= TASK INSTRUCTIONS =
Drop the pictures; give again exactly the lines from the one holding "Given: Click the title" through the end of the data.
*** Block opens ***
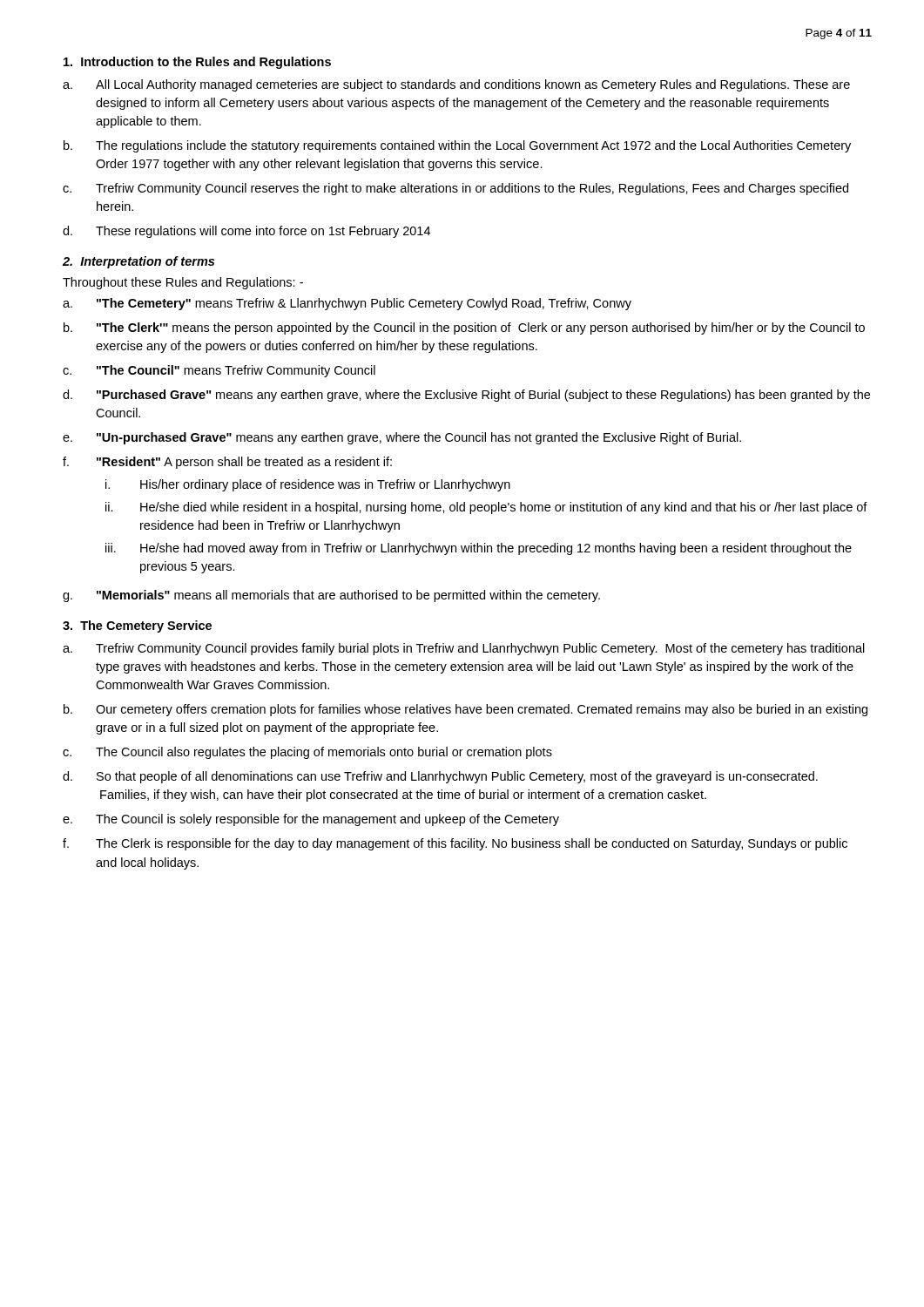Select the list item that reads "b. "The Clerk'" means the"

point(467,337)
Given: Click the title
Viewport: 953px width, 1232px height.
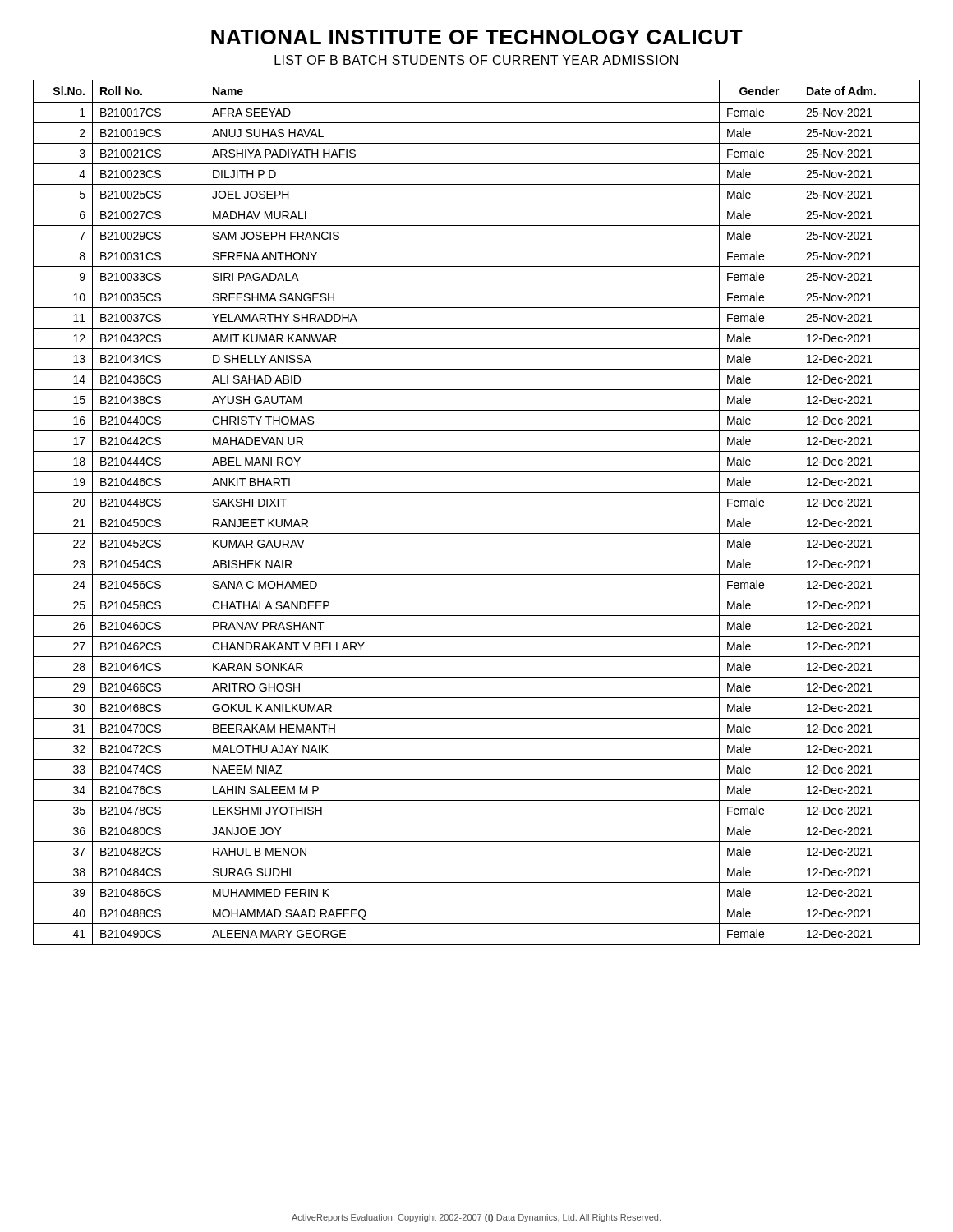Looking at the screenshot, I should point(476,37).
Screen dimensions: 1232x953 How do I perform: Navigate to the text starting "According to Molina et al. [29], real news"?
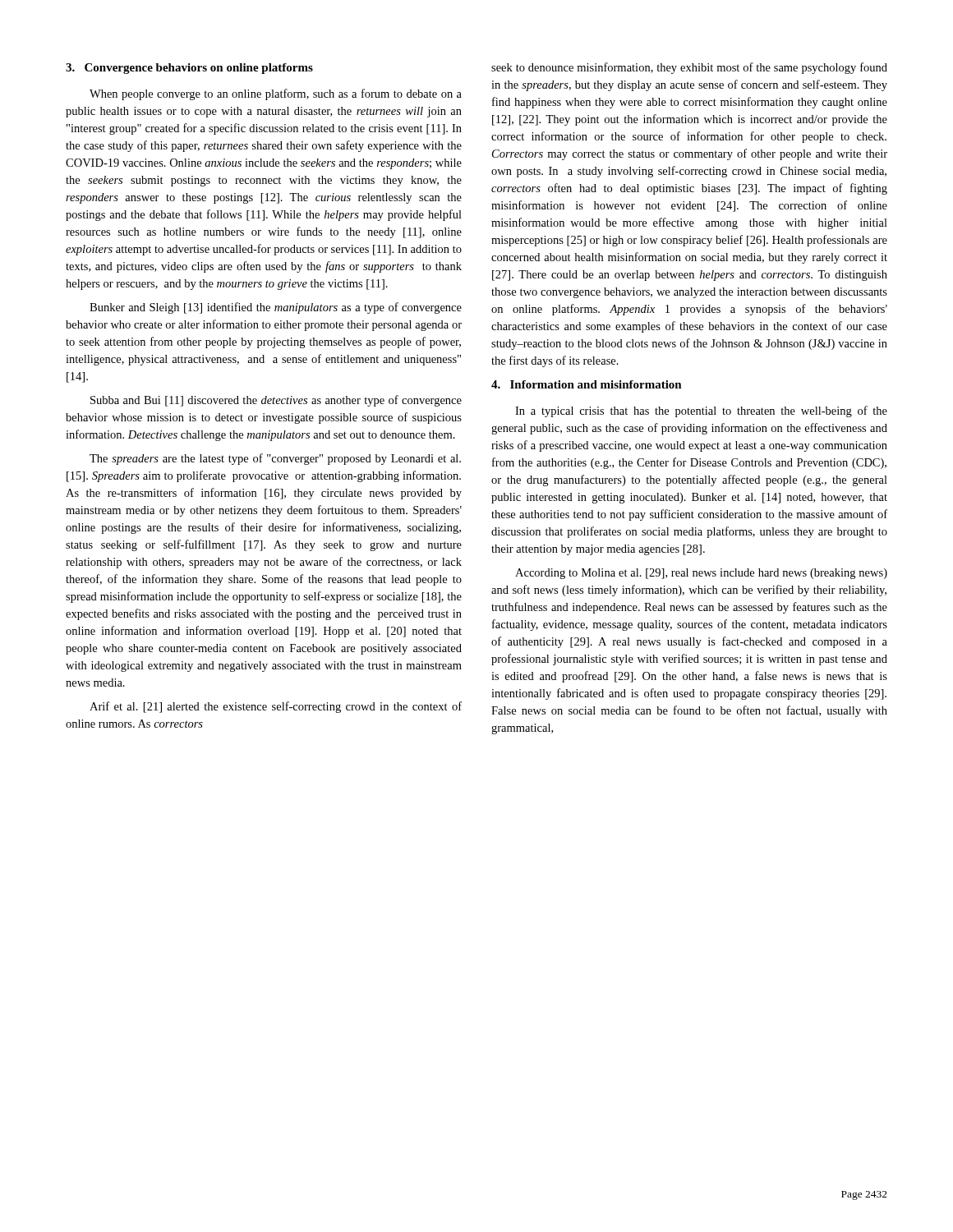click(x=689, y=651)
*** Block closes ***
= RESULT BELOW =
Given: Click the title
Viewport: 953px width, 1232px height.
Looking at the screenshot, I should point(476,37).
Screen dimensions: 1232x953 How do I perform: Navigate to the text starting "According to Molina et al. [29], real news"?
click(x=689, y=651)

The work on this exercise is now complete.